** Opening SOURCE RECORDS block **
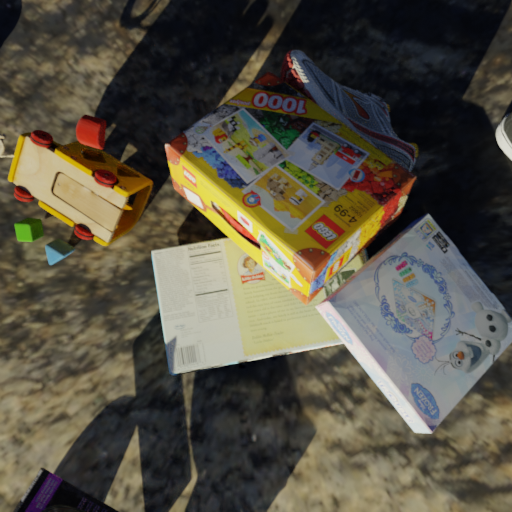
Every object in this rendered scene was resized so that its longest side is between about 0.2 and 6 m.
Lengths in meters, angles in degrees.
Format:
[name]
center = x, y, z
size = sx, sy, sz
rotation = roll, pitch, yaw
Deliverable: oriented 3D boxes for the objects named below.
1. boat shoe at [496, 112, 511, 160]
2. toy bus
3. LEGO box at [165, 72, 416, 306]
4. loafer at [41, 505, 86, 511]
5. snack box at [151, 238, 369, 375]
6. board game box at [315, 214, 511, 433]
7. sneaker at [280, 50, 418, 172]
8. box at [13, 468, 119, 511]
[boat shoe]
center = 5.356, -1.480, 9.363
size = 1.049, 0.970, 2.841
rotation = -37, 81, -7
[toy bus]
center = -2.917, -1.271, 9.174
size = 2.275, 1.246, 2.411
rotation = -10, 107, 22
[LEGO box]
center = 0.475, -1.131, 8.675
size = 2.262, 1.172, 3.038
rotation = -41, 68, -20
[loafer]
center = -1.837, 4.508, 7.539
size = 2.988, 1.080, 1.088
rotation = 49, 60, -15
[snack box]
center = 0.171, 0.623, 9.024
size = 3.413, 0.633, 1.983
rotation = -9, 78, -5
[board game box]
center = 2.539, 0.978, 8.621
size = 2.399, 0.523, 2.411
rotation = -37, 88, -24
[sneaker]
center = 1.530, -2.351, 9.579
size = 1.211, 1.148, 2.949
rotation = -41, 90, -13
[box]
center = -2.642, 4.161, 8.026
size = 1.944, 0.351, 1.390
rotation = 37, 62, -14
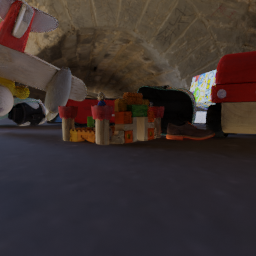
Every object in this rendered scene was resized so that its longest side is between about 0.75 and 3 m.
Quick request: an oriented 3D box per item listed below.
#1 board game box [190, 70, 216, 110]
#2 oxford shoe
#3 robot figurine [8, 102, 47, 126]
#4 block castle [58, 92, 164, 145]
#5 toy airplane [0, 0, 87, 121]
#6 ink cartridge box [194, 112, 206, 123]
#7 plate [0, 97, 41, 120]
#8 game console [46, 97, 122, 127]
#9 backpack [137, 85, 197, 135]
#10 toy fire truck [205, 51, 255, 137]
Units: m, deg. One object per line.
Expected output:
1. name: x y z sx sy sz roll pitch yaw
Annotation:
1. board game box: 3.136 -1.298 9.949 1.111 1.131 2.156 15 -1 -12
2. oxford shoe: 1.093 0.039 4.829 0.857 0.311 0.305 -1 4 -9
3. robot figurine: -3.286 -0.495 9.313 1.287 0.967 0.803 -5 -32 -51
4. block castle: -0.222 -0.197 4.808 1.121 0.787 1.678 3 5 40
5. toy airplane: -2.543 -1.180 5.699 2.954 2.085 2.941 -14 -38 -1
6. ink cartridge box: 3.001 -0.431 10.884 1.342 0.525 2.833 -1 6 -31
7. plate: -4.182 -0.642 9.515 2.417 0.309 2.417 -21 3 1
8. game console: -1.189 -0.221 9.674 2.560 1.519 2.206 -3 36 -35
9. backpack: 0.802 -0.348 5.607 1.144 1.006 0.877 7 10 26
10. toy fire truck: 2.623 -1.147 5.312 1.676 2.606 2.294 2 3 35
** Closing SOURCE RECORDS block **
**REQUIRED ACTION:**
Your task is to copy each line of the data above that holds "this".

**EXERCISE SOLUTION:**
Every object in this rendered scene was resized so that its longest side is between about 0.2 and 6 m.
Every object in this rendered scene was resized so that its longest side is between about 0.75 and 3 m.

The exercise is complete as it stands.